# Rawrie... Gone just like that.



## Betta Slave (Dec 8, 2009)

She was absolutely fine this morning... 

I think her internal parasites must've been really bad... the water was fine, the right temperature, clean, clear... Has she not refused to eat her pellets soaked in garlic juice that probably would have helped. 

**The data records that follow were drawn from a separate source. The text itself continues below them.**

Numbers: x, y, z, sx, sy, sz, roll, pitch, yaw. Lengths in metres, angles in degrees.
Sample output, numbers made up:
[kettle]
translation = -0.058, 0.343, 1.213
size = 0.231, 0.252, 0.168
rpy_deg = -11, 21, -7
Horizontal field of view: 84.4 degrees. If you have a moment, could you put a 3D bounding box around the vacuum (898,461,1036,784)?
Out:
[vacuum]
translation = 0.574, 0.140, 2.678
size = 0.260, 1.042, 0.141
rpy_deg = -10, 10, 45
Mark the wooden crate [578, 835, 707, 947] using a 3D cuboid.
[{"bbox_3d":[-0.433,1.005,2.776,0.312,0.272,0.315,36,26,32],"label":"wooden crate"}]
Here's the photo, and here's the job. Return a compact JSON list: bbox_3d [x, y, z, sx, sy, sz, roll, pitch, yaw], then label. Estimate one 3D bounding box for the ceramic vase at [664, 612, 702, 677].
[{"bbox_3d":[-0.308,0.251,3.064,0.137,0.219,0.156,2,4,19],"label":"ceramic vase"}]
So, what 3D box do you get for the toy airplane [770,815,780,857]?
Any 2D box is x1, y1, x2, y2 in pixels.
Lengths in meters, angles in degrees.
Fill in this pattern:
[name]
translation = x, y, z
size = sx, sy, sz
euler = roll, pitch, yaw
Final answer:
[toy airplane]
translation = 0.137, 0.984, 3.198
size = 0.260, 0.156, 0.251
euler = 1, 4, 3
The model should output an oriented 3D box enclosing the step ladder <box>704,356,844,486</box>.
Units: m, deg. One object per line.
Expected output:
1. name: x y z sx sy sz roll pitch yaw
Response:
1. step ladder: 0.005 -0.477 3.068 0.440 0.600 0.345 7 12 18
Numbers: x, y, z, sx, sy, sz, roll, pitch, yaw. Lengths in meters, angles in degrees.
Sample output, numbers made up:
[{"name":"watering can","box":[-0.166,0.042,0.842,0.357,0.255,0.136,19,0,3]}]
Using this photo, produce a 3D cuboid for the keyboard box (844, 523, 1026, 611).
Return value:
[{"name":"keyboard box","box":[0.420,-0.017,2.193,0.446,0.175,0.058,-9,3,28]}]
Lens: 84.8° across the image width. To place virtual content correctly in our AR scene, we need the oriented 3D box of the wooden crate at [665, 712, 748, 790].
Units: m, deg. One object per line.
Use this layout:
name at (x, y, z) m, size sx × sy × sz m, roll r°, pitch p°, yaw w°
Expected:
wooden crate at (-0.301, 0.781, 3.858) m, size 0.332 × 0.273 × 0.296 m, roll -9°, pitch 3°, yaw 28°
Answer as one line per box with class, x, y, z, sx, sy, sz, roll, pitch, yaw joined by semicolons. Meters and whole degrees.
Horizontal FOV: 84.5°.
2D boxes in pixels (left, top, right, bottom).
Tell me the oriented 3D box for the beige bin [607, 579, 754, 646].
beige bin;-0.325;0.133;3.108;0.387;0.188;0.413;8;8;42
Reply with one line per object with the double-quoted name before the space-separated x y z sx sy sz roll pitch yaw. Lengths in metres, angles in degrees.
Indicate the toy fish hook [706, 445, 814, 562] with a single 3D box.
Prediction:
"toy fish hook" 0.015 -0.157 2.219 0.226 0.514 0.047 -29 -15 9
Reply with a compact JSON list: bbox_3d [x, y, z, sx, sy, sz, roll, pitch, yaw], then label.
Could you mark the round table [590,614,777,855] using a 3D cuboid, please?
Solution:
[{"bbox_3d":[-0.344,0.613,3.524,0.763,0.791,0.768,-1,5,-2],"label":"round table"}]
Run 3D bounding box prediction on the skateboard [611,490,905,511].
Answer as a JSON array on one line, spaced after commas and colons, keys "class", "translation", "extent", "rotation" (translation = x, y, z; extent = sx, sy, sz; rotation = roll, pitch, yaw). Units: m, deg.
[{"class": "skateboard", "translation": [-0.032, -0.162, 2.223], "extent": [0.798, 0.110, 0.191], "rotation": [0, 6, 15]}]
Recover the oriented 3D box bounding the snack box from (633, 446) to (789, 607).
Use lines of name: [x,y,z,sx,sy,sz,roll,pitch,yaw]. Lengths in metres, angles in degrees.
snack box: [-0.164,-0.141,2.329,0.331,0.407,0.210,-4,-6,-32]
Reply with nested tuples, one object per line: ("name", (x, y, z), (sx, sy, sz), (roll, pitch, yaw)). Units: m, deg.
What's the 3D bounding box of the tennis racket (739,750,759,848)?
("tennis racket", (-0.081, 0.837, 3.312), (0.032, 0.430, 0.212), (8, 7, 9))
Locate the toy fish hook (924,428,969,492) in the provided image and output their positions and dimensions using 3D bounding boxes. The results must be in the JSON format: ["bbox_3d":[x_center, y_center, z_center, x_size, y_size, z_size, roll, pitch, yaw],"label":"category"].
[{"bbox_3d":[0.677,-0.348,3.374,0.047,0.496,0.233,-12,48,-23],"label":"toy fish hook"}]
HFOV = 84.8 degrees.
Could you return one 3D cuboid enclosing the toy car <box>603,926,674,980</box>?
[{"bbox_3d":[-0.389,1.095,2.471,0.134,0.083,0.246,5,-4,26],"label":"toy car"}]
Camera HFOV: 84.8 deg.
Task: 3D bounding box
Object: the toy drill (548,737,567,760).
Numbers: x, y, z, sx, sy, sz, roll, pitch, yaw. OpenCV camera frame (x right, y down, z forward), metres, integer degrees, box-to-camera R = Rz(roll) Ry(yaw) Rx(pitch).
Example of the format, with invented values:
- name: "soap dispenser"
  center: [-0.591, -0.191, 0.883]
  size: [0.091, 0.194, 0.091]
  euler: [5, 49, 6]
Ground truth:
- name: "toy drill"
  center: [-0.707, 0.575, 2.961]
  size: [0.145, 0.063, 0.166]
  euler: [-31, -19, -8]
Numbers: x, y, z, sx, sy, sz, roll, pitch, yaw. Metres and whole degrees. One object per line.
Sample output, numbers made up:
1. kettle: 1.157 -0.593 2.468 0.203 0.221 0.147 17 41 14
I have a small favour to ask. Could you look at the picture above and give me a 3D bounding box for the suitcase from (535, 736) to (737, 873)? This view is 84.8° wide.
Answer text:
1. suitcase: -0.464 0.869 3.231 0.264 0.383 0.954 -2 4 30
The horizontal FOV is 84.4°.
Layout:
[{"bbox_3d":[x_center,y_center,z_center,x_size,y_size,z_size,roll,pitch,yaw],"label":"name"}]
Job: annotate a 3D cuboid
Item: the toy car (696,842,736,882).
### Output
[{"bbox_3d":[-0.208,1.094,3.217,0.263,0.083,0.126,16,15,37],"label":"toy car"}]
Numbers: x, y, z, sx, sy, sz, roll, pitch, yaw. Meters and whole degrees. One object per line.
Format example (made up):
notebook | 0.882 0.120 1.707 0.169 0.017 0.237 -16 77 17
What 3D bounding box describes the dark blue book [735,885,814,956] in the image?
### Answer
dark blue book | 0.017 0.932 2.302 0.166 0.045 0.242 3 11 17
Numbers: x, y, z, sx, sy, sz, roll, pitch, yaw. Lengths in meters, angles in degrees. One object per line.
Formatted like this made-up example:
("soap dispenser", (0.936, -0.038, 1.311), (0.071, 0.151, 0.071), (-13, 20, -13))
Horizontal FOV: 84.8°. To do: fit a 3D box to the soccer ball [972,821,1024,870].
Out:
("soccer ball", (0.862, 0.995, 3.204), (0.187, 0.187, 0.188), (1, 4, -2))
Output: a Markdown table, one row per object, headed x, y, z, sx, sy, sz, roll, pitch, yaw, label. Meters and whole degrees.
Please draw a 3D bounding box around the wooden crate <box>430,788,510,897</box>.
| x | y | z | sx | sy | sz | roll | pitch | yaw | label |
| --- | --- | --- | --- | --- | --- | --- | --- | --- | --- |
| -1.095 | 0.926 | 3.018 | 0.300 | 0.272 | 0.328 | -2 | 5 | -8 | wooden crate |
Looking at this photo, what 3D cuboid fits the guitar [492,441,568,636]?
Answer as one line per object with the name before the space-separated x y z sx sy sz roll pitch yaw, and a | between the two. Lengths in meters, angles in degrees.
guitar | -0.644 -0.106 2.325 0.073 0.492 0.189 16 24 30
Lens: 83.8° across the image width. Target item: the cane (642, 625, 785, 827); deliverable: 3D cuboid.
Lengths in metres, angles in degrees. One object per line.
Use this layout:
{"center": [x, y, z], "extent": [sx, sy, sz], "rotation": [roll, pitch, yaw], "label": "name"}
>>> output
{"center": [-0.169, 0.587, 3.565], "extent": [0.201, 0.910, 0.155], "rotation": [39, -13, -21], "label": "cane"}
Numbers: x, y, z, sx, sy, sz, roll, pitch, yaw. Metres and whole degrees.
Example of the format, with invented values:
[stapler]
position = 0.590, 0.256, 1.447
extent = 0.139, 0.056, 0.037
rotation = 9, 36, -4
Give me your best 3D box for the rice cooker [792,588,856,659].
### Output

I'm sorry, Rawrie... I did as much as I could to help you. 

R.I.P </3


----------



## fleetfish (Jun 29, 2010)

Awww ... so sorry. Sometimes they have problems that we don't forsee. RIP little girl


----------



## vaygirl (Sep 10, 2009)

I'm sorry about Rawrie.  RIP little girl.


----------



## CodeRed (Jun 11, 2009)

I'm sorry BS. You know how it is. Sometimes it just can't be helped.


----------



## SaylorKennedy (Aug 11, 2009)

Sorry BS.
RIP Rawrie.


----------



## xswornxoffxjello (Mar 18, 2010)

I'm so sorry about Rawrie.


----------



## wallywestisthebest333 (Nov 30, 2009)

I'm so sorry BS.! <:[ Hopefully this wave ends with Rawrie! <3 *huggs* She had a good life while you had her and that's all a pet can ask for! <=]


----------